Our study supports the use of local knowledge to enable managers to act in the spirit of adaptive management for data-poor species (Walters and Holling 1990; Johannes 1998). Such knowledge can later be refined once more advanced data become available. With continued species declines both on land and in the ocean (McCauley et al. 2015), natural resource managers cannot afford to wait for the perfect dataset because the costs of inaction are high (Johannes 1998, 2000). The use of spatial data to evaluate conservation outcomes is growing in application for both international and national environmental agreements (Lorenz 1995; Lorenzen et al. 2010). Indeed spatial data are critical to achieve conservation and management objectives such as monitoring populations, protecting habitats or regulating extractive activities (Reid 2007; NOAA 2014). We encourage others involved at the interface of science, management and policy to consider gathering local knowledge prior to establishing initial management plans, prioritizing areas for conservation, and evaluating management effectiveness.
This is a contribution from Project Seahorse. The authors would like to thank the National Research Council of Thailand (Permit No. 0002/1306), Thailand Department of Fisheries, Phang-nga Provincial Marine Fisheries Station, Praulai Nootmorn, Tse-Lynn Loh, Sarah Foster, Sarah Harper, and Jennifer Selgrath.

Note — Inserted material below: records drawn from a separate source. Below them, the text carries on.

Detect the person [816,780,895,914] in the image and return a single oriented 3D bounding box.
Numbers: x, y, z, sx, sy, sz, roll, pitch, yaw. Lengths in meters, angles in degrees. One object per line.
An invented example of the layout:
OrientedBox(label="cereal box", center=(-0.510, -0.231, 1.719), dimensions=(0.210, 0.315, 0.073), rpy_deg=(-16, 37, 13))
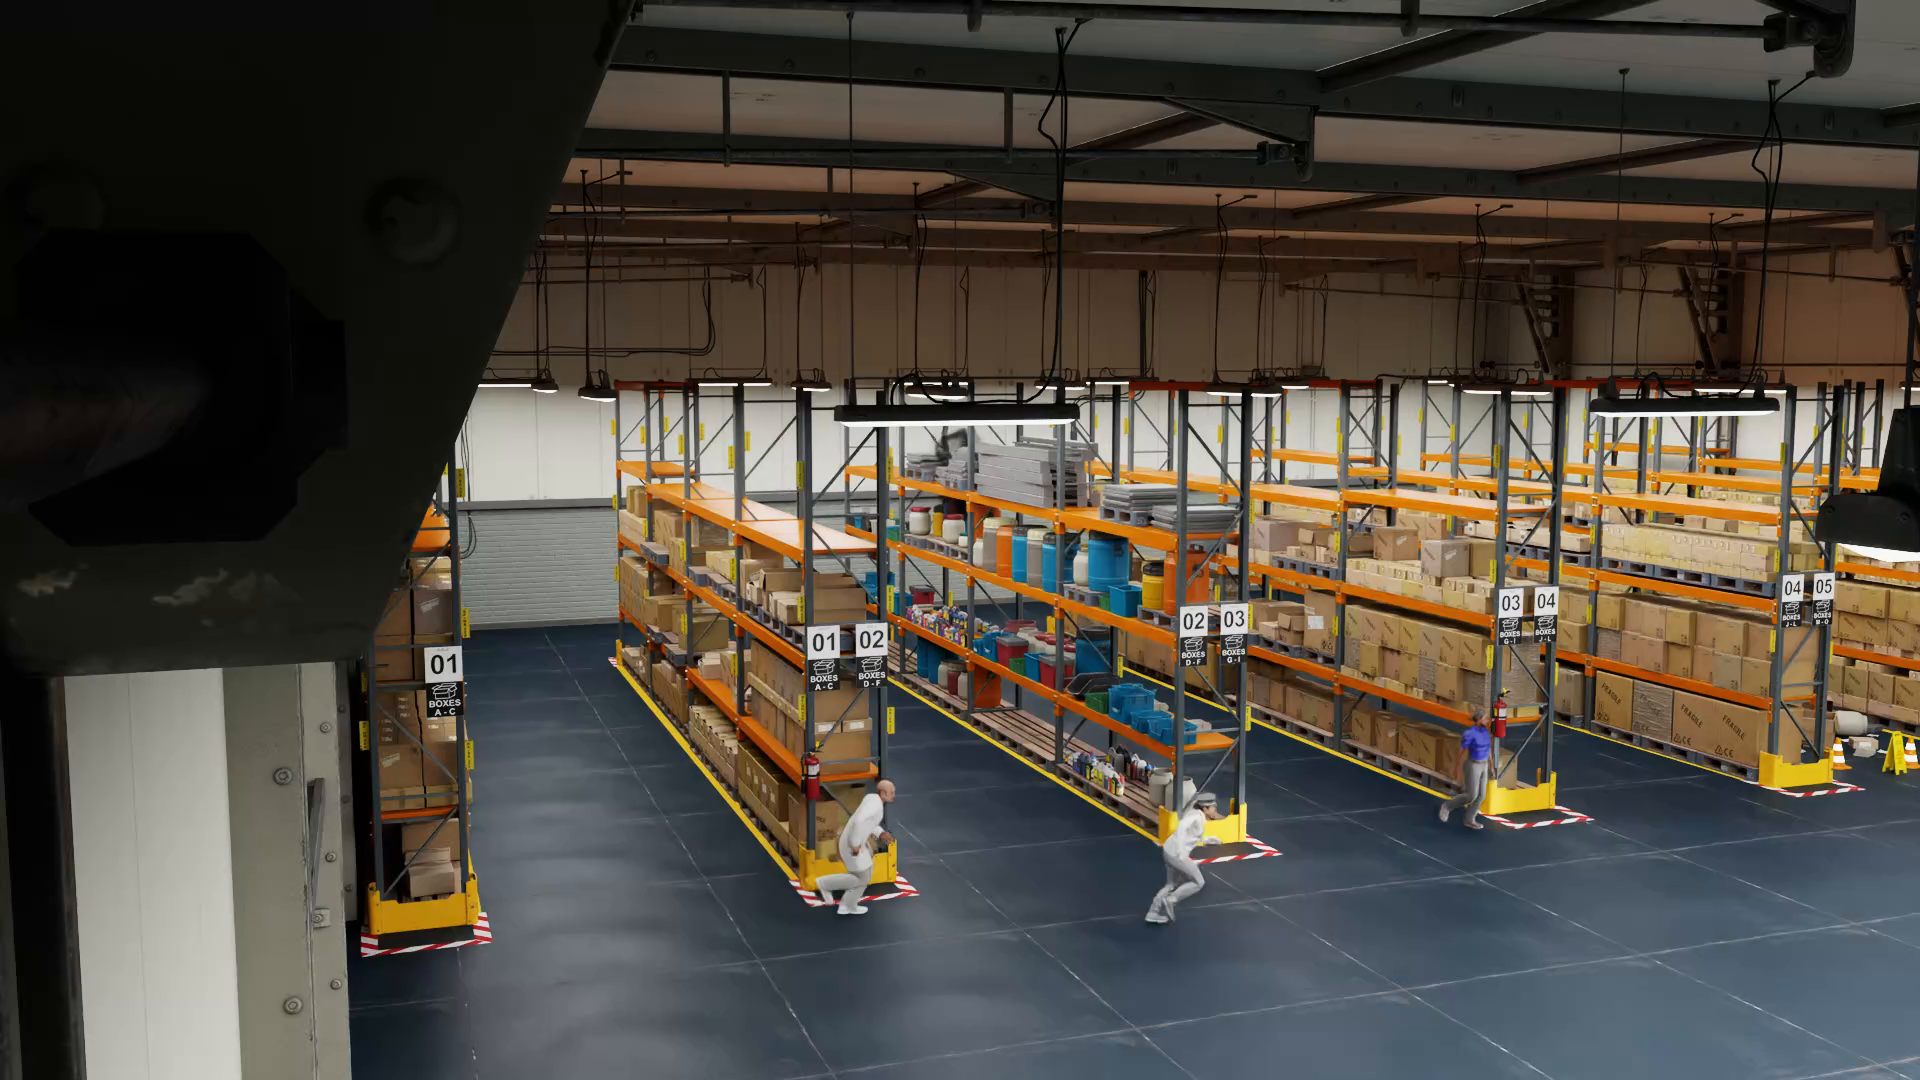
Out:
OrientedBox(label="person", center=(-1.197, 3.540, 19.070), dimensions=(0.922, 1.583, 0.731), rpy_deg=(0, 6, -1))

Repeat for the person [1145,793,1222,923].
OrientedBox(label="person", center=(2.531, 3.604, 18.728), dimensions=(0.854, 1.497, 0.648), rpy_deg=(0, 6, 0))

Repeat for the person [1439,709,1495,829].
OrientedBox(label="person", center=(6.925, 3.114, 22.687), dimensions=(0.659, 1.638, 0.506), rpy_deg=(-5, 8, -37))

We are grateful for the support from numerous dive operators, fishers, and community groups who facilitated our search for seahorses.
This work was funded by the Ocean Park Conservation Foundation of Hong Kong, Riverbanks Zoo and Garden Conservation Fund, the Explorer’s Club Exploration Fund, SciFund Challenge, Bottom Billion Fieldwork Fund, FBR Capital Investments, John G. Shedd Aquarium, Guylian Chocolates and an anonymous donor.
Compliance with ethical standards
Conflict of interest
The authors declare they have no conflict of interest.
This research was conducted in accordance with UBC Animal (Permit No. A12-0288) and Human (Permit No. H12-02731) Ethics protocols. All participants interviewed gave an informed consent to participate in this research as per UBC Human Ethics protocols.